The juncture of the Ocean View Trail with the Lost Trail was closed, so we backtracked down the 1+ miles back to the main paved trail. By now it was fairly late in the afternoon, and the crowds had thinned considerably. Having gotten lots of good views of the giant trees, we began turning our attention downwards to the smaller understory flora. Ferns, of course, are a dominant component of this understory, especially along Redwood Creek. This large specimen may represent Western sword fern (Polystichum munitum) (family Dryopteridaceae), which can apparently be distinguished by small hilt-like projections from the base of the pinnae (leaflets), but I couldn’t get close enough to see for sure.

Abundant on the ground in the valley was redwood sorrell (Oxalis oregana), a member of the family Oxalidaceae. In places this plant covered the ground in thick carpets.

Among the more interesting plants we saw in the valley was California fetid adder’s tongue (Scoliopus bigelovii), yet another member of the Liliaceae or Convallariaceae. I wasn’t sure what this plant was at first, despite its highly distinctive, glossy, mottled foliage. We were too late to see the blooms, which apparently have a fetid odor to attract flies for pollination, but did find the maturing pods on their slender, drooping stems.

Close to the creek’s edge we saw this colony of horsetails (Equisetum sp.), primitive plants in the family Equisetaceae. Members of this group belong to one of the most ancient lineages of vascular plants, dating back to the Devonian period (416-359 million years ago). Their Paleozoic ancestors (Calamitaceae and Archaeocalamitaceae) were giants, reaching heights of 50 ft or more, and were major components of the Carboniferous swamplands. Along with lycopod trees (Lepidodendrales), they were important contributors to coal formation and, like the lycopods, became extinct by the mid-Permian (~270 million years ago). The genus Equisetum represents the only surviving descendants of this lineage. Unlike their extinct progenitors, these small, herbaceous plants rarely exceed 4 ft in height; however, they share many of the same characters such as articulate stems with microphylls arranged in whorls. Recent phylogenetic studies, using both molecular and morphological characters, suggest that horsetails, together with ferns, form a clade representing one of the three major lineages of vascular plants (Pryer et al. 2001).

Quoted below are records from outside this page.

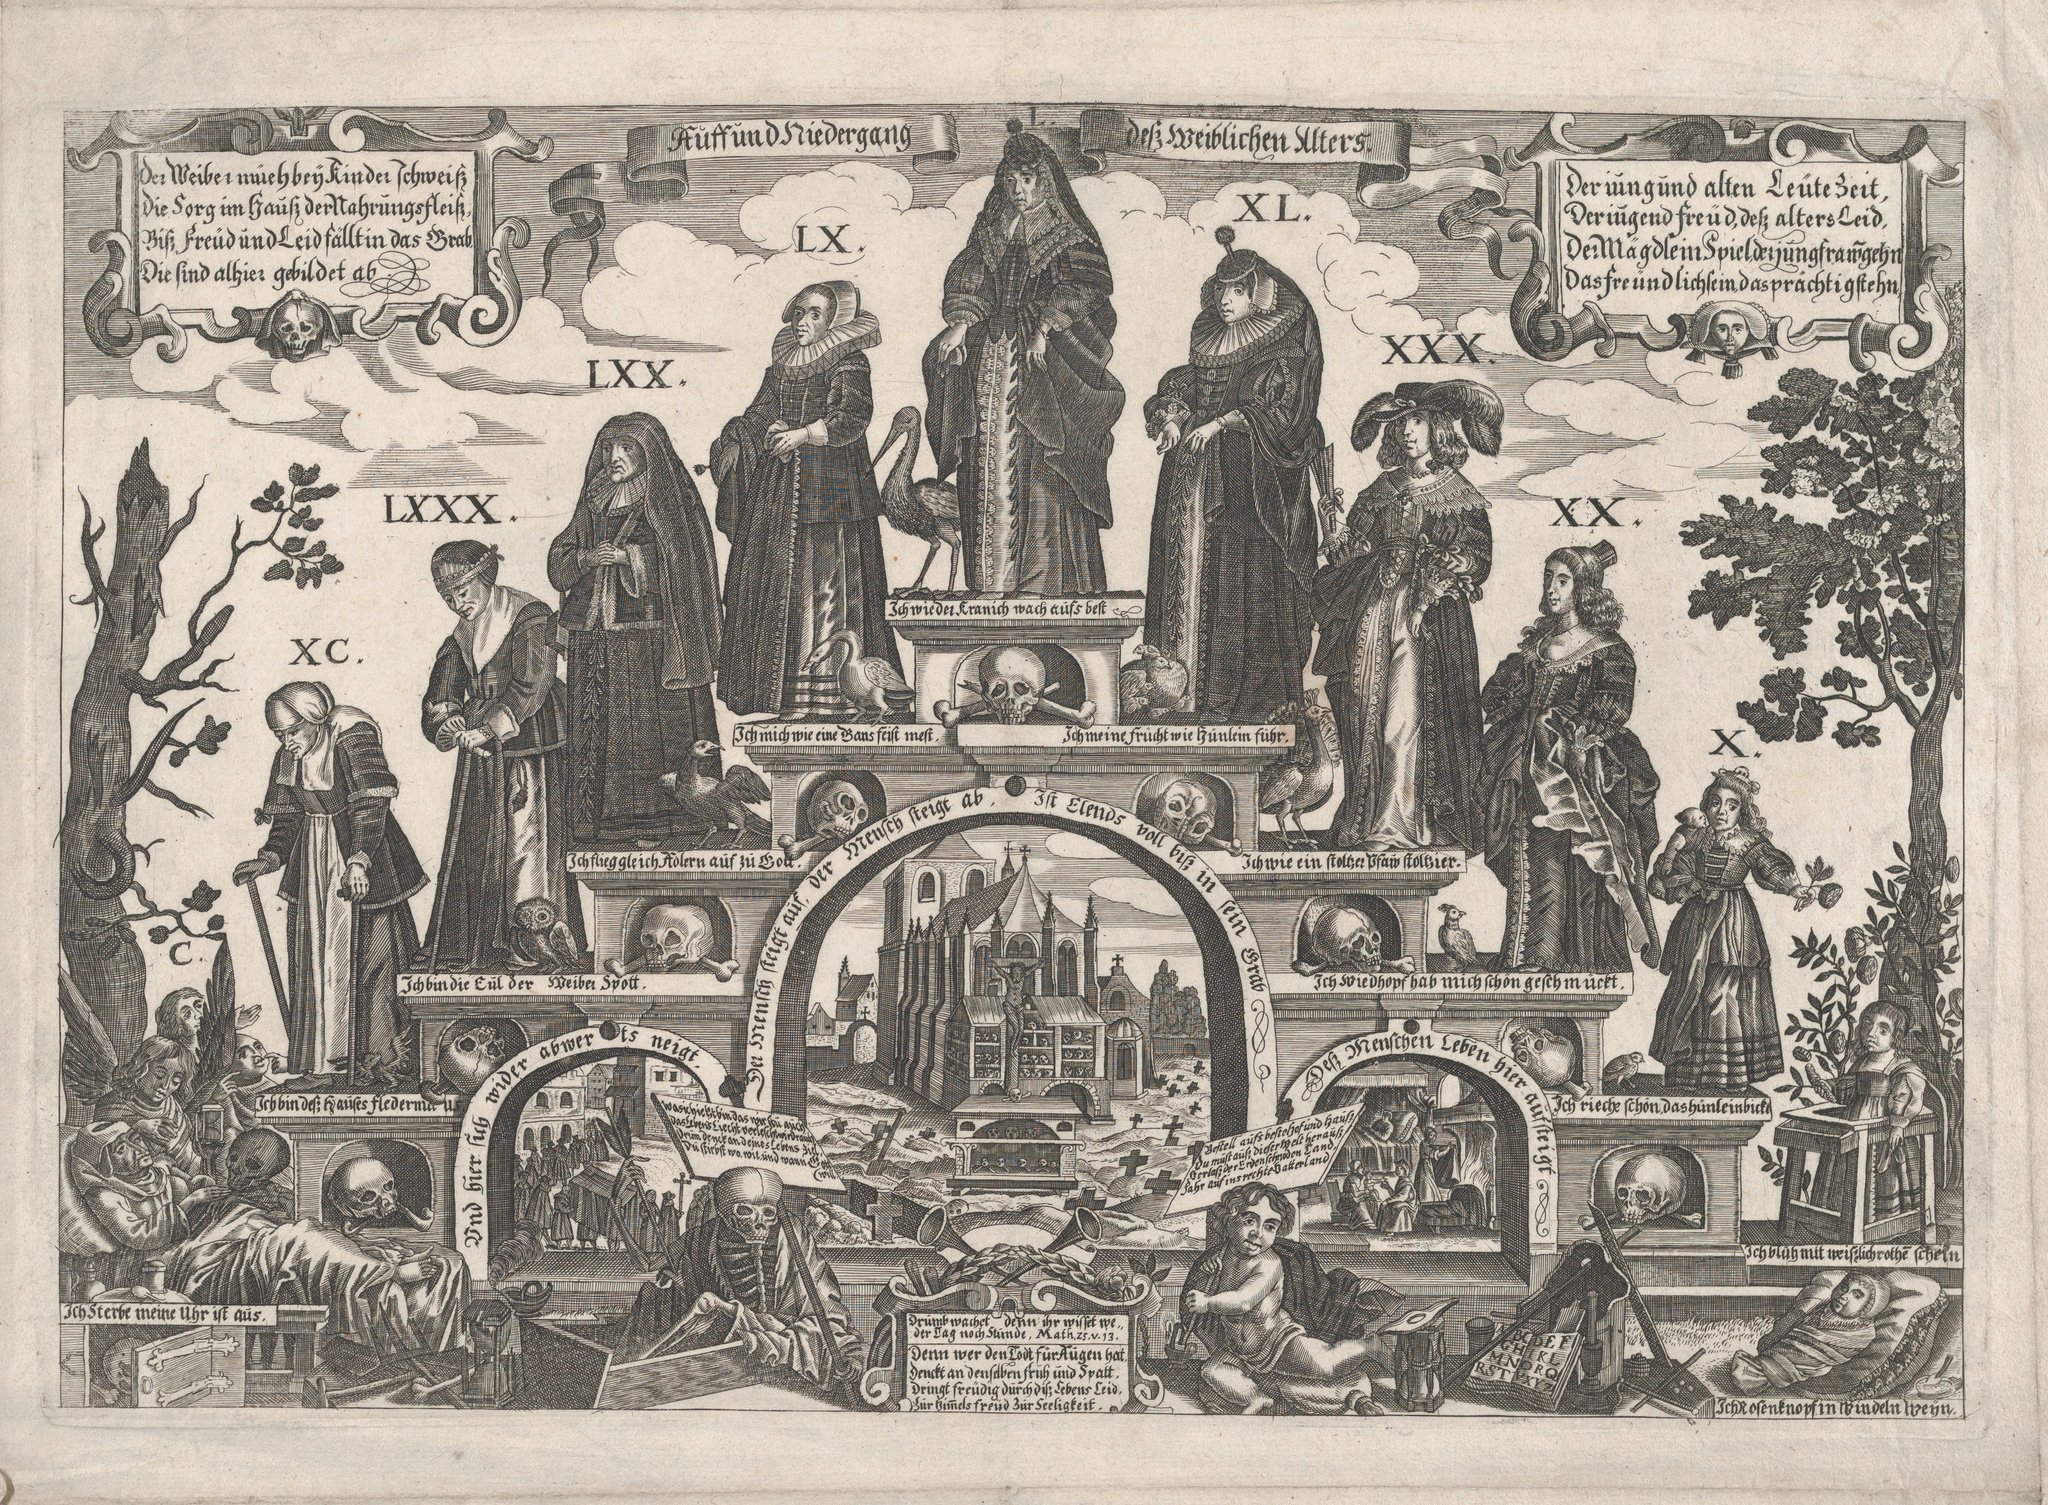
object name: print
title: The Eleven Ages of Women
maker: gerhard altzenbach
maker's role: artist
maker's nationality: german
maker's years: 1609-1672
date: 1609-1672
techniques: engraving
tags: birds,skeletons,children,women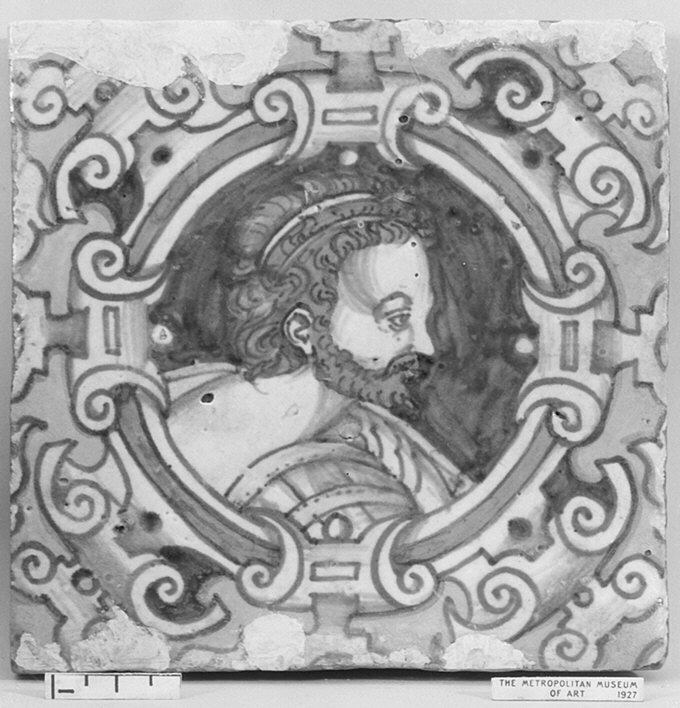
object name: tile
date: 1601-1650
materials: earthenware
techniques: glazing
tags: men,profiles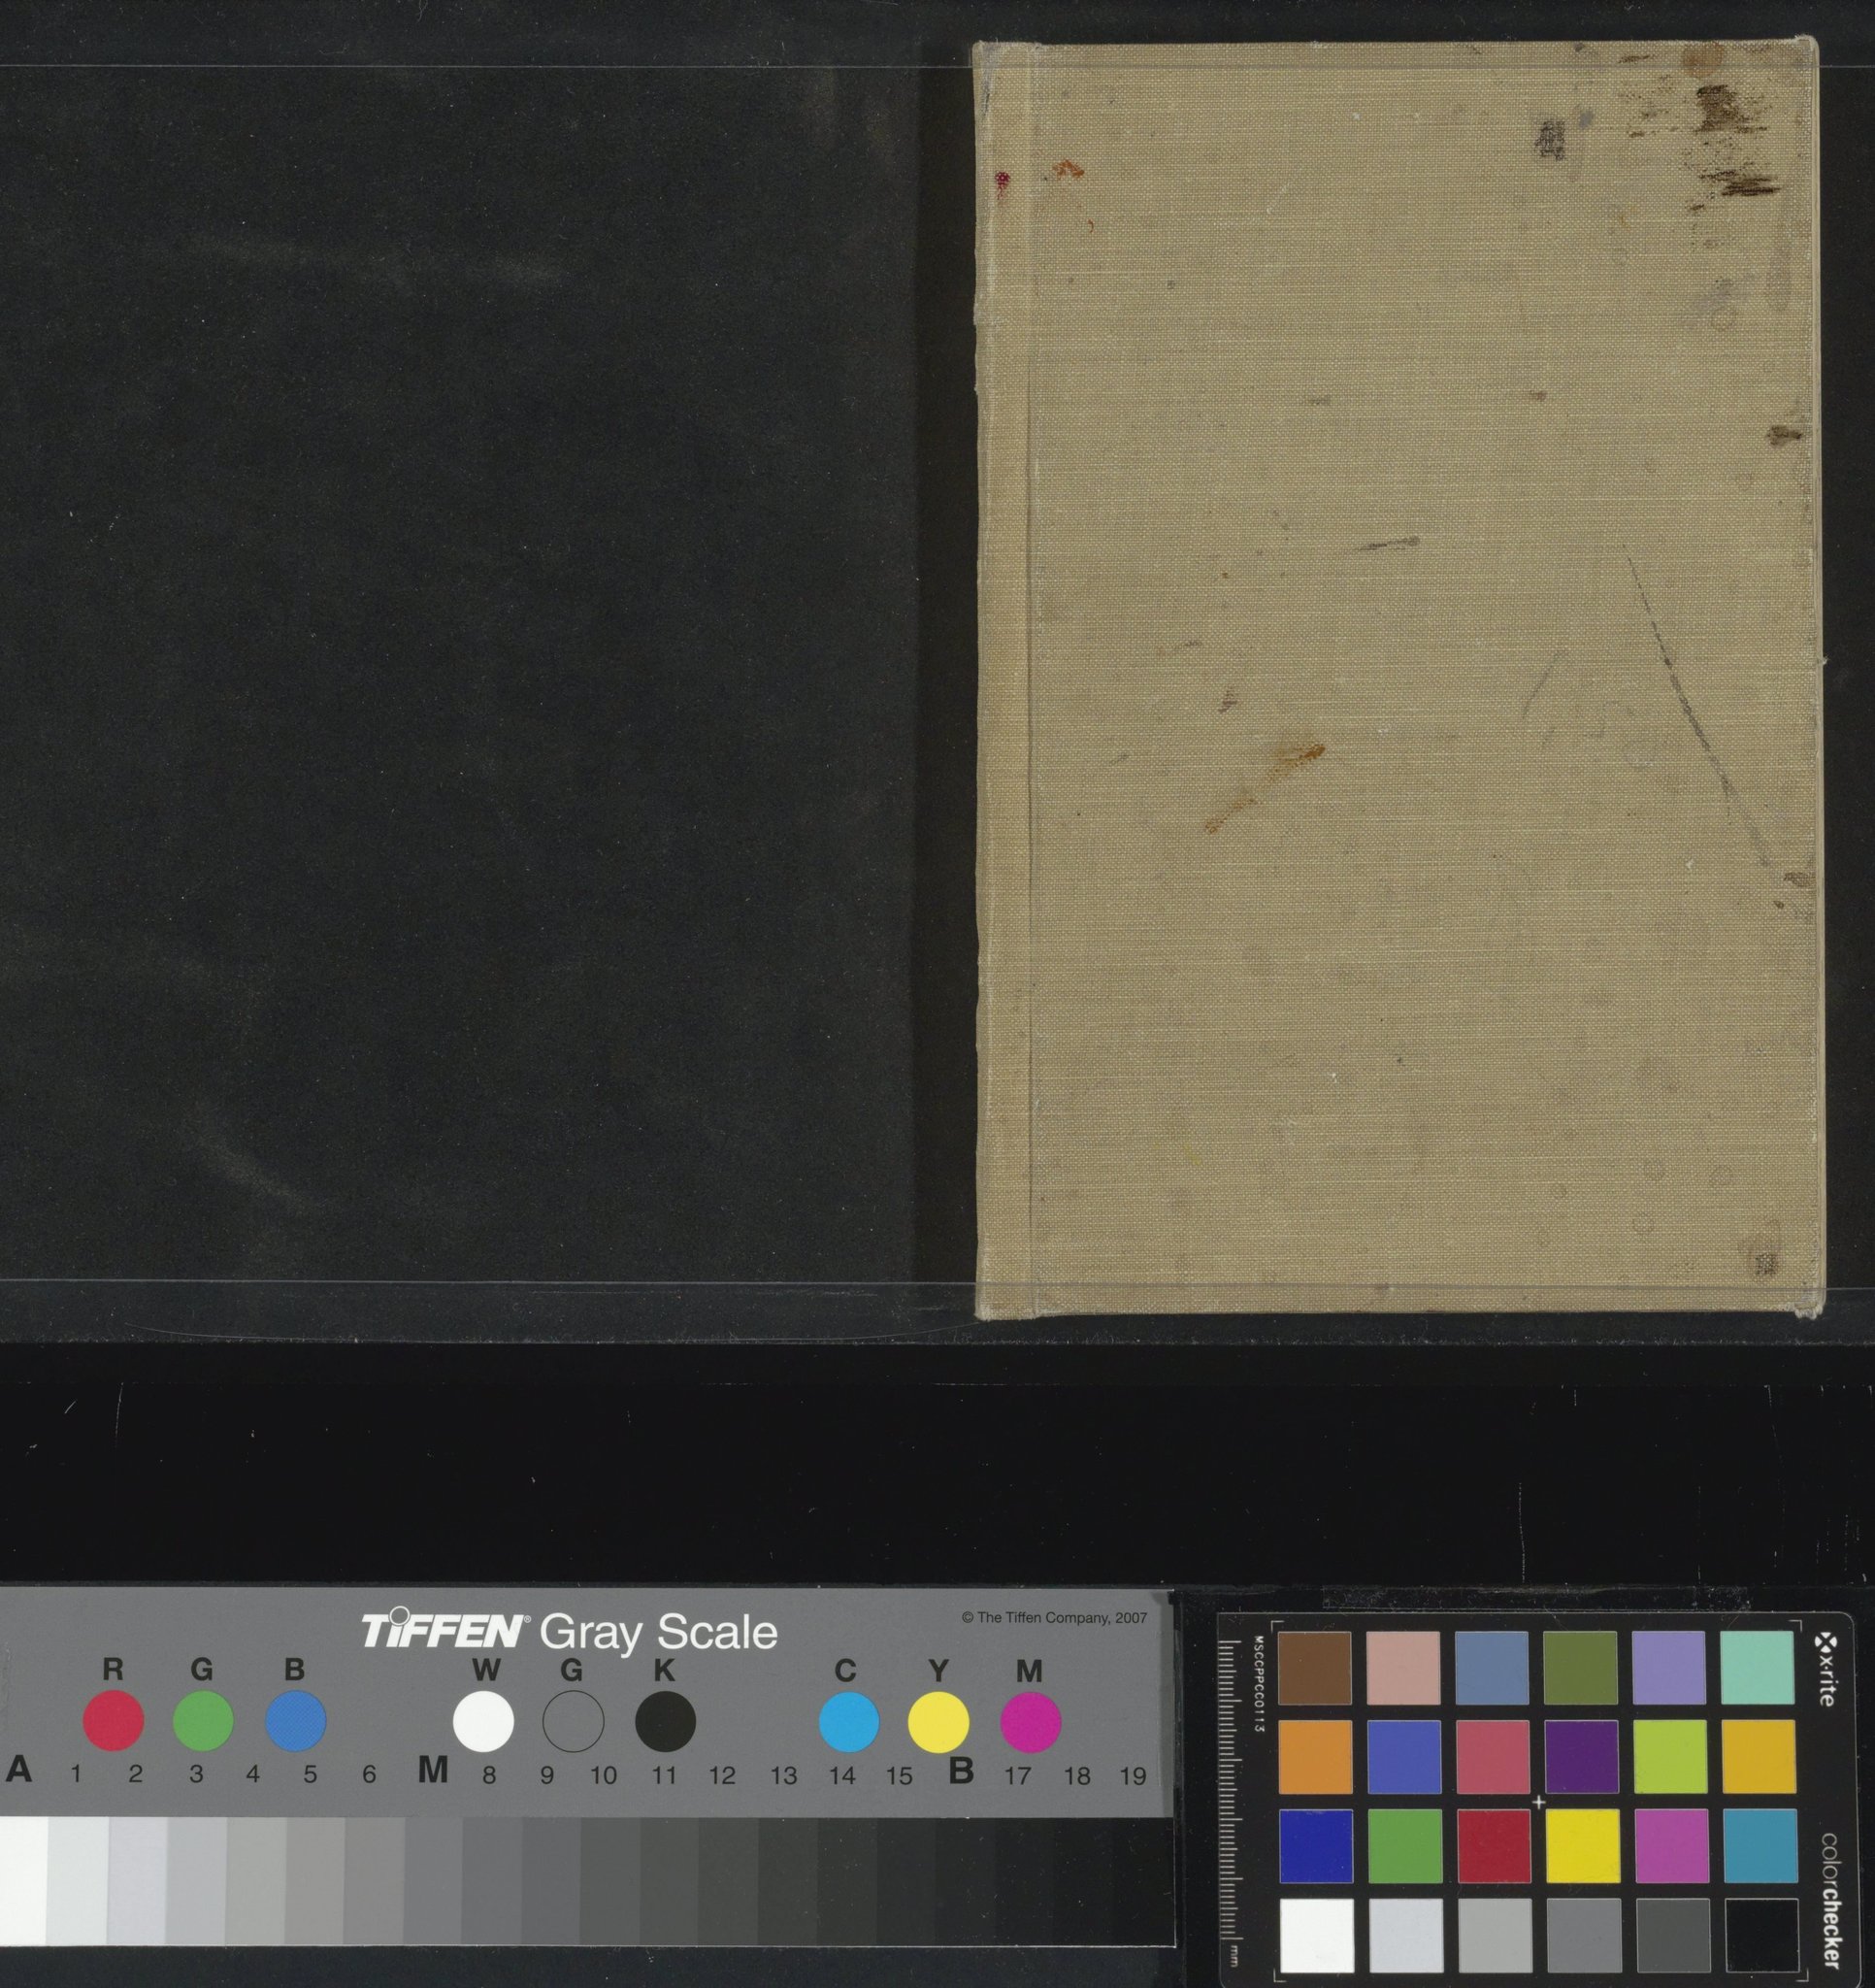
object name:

Nearby we saw a patch of Giant wake robin (Trillium chloropetalum) in flower. These were taller than the California wake robins we saw on the slopes of the Ocean View Trail but similarly characterized by a whorl of 3 leaves and flowers composed of 3 erect petals. Mature flowers darken to a deep red purple, so it seems these plants had just begun flowering. Muir Woods appears to be a good place for observing a diversity of Convallariaceae!

Also along Redwood Creek we found this bigleaf maple (Acer macrophyllum) in full bloom. As its specific epithet suggests, this maple has the largest leaves of any member of the genus — in this example the newly-expanded leaves were distinctly purplish. The picture below shows the greenish-yellow flowers (petals inconspicuous) produced on long, pendulous racemes.

Interpretive signs along the paved main trail pointed out a redwood “family group,” formed by sprouts growing from the base of a larger tree. Eventually, the central “mother” tree died and decayed away, leaving a ring of offspring that mature into an enormous, characteristic circle of trees. This apparently also happens with other types of trees, though on a smaller scale, as demonstrated in this picture of an oak (Quercus sp.) family group.

As the day drew to a close we found ourselves back in the parking lot, where this California icon, a clump of Coast live oak (Quercus agrifolia), was spreading its wide, majestic crown from multiple, twisted trunks and gnarled branches.

Much too soon, it was time to leave this beautiful valley, but before heading back to Sacramento we stopped to take one last look down towards the valley and out to the Pacific Ocean from the Panoramic Highway.